▸ Instructions for the task: Some lines in the entries contain the word "listed". Copy all of them.

▸ Materials provided:

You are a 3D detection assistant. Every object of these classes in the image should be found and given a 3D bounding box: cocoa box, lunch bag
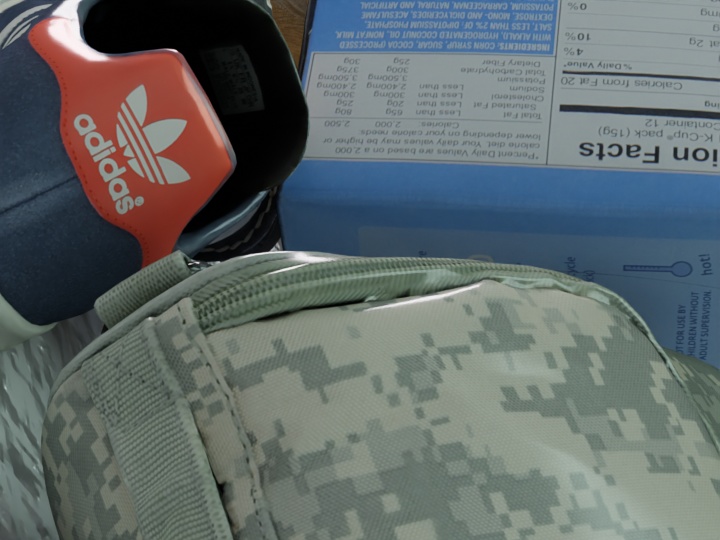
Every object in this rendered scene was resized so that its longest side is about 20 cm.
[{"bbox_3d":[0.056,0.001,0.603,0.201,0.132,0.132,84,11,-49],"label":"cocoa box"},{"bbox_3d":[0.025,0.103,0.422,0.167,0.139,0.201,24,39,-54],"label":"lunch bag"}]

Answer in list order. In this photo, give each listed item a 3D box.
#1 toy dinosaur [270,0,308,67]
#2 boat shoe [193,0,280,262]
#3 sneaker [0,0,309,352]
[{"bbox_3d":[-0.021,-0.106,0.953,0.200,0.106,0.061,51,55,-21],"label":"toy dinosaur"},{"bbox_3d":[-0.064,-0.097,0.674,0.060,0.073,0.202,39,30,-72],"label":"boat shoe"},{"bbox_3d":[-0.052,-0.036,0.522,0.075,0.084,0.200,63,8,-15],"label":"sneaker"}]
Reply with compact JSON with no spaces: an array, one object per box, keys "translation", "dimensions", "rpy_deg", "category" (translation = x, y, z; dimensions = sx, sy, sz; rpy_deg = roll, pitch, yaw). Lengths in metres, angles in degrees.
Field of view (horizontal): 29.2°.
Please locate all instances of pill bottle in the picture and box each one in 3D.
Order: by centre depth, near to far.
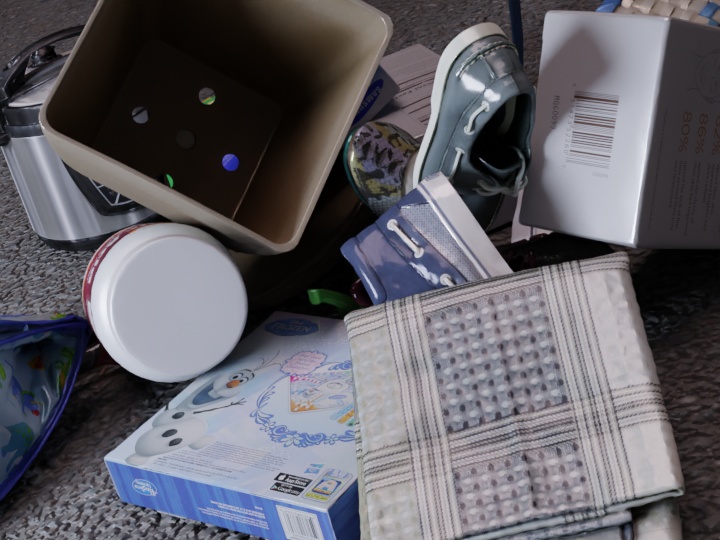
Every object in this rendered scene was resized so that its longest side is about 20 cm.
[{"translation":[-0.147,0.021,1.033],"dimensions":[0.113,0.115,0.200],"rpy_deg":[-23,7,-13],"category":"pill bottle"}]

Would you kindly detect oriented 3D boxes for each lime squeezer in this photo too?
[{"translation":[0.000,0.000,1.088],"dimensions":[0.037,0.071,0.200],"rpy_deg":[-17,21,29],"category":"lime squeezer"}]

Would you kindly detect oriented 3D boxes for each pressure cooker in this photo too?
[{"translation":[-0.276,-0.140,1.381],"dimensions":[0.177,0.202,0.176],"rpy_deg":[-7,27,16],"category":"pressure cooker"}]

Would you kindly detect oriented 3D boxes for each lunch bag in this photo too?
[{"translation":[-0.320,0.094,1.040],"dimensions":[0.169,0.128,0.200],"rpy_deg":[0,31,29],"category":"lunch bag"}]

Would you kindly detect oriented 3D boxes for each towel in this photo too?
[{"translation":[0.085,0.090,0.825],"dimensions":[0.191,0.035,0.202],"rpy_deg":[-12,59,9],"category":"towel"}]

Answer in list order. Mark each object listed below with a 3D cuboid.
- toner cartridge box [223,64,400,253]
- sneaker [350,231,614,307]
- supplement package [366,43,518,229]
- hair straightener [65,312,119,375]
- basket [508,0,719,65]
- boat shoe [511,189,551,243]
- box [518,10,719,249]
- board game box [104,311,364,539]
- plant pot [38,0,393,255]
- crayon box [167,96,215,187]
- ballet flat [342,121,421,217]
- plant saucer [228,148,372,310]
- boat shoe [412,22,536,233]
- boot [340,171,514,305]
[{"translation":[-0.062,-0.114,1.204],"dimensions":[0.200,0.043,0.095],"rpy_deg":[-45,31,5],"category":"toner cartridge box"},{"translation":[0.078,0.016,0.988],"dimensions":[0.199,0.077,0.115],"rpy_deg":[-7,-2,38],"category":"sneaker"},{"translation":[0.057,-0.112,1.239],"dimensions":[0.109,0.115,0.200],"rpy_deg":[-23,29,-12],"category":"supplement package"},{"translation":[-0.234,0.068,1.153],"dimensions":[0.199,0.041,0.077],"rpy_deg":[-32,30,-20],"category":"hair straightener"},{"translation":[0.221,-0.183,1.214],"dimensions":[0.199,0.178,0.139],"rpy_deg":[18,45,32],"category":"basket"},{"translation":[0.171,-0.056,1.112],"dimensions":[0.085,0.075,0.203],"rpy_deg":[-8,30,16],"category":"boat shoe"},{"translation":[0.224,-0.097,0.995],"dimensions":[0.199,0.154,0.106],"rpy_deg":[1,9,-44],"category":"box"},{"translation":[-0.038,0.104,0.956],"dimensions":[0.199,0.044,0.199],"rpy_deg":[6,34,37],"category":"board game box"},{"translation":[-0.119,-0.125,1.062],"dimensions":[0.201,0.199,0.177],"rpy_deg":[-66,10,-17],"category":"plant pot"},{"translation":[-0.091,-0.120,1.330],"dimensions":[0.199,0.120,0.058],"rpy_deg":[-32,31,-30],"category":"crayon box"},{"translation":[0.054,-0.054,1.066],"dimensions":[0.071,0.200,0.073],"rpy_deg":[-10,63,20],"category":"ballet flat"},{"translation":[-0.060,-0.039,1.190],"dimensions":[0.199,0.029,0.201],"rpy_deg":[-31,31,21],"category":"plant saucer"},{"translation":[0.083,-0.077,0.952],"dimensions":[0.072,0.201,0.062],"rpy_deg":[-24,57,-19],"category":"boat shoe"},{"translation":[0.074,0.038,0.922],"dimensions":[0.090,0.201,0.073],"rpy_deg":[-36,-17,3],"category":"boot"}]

--

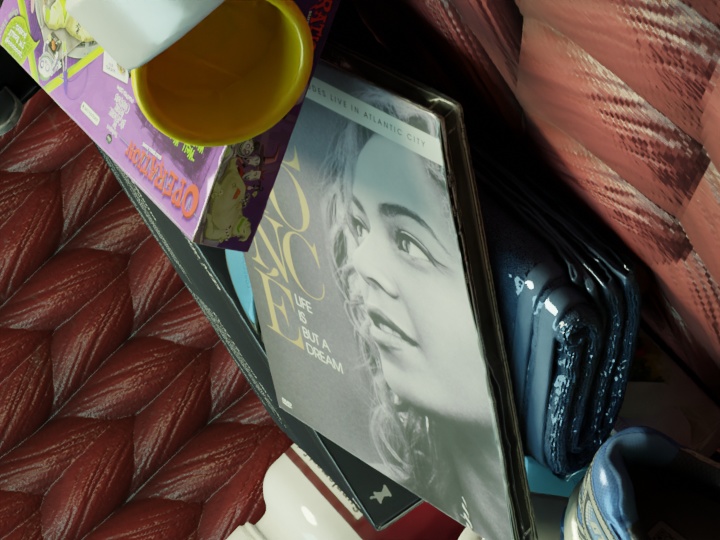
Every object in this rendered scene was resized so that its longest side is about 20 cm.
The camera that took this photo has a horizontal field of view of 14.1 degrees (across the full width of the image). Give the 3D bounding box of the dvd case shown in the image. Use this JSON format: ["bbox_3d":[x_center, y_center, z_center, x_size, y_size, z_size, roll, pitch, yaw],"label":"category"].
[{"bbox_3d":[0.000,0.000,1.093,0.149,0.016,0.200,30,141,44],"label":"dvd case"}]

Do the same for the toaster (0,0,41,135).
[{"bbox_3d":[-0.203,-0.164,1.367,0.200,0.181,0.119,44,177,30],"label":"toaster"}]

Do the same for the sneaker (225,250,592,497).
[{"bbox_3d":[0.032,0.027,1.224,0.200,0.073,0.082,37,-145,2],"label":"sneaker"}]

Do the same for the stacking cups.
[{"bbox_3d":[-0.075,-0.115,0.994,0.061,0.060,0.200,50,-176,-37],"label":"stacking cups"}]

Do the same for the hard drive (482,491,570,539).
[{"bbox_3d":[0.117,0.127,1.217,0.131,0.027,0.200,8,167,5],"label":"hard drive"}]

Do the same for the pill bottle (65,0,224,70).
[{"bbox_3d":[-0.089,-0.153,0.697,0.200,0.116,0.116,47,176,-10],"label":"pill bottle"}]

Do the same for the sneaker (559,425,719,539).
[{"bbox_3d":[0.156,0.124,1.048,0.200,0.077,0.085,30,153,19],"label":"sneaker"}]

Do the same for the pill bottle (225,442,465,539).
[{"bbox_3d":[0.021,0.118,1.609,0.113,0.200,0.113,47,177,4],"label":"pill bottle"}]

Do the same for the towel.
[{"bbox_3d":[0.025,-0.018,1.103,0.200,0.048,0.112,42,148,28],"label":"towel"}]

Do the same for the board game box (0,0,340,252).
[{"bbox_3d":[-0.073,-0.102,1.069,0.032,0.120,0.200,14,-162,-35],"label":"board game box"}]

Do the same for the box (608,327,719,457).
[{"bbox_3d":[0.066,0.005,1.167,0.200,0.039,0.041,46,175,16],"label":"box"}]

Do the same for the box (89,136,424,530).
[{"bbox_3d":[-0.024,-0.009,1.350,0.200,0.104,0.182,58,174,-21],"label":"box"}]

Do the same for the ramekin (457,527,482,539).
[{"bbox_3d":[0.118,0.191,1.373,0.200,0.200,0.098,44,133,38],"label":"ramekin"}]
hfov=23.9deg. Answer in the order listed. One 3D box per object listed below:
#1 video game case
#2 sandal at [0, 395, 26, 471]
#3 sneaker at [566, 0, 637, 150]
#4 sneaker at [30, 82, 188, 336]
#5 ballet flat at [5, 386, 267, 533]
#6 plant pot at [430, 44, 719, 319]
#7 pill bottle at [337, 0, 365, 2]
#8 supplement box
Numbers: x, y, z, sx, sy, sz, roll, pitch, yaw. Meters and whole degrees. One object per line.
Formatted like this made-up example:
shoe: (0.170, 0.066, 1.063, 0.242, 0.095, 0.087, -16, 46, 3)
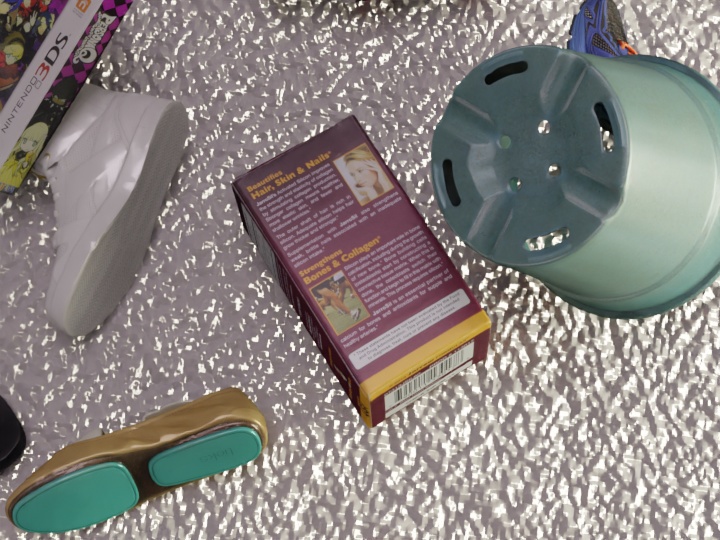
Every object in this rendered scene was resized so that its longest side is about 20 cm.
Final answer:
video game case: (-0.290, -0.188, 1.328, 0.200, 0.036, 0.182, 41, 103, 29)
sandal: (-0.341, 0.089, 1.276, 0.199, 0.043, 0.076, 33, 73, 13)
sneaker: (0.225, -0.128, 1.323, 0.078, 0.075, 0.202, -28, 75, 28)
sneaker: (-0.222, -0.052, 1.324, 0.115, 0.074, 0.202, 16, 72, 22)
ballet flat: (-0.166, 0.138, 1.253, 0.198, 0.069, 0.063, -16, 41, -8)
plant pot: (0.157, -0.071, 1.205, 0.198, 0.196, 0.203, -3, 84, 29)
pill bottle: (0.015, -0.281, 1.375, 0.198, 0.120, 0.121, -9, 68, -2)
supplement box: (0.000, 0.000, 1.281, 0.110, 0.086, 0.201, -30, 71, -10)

▸ Exercise response:
Answer in list order. In this photo, give each listed item a 3D box.
Answer in list order. Mark each object listed below with a 3D cuboid.
hfov=23.9deg. Answer in the order listed. One 3D box per object listed below:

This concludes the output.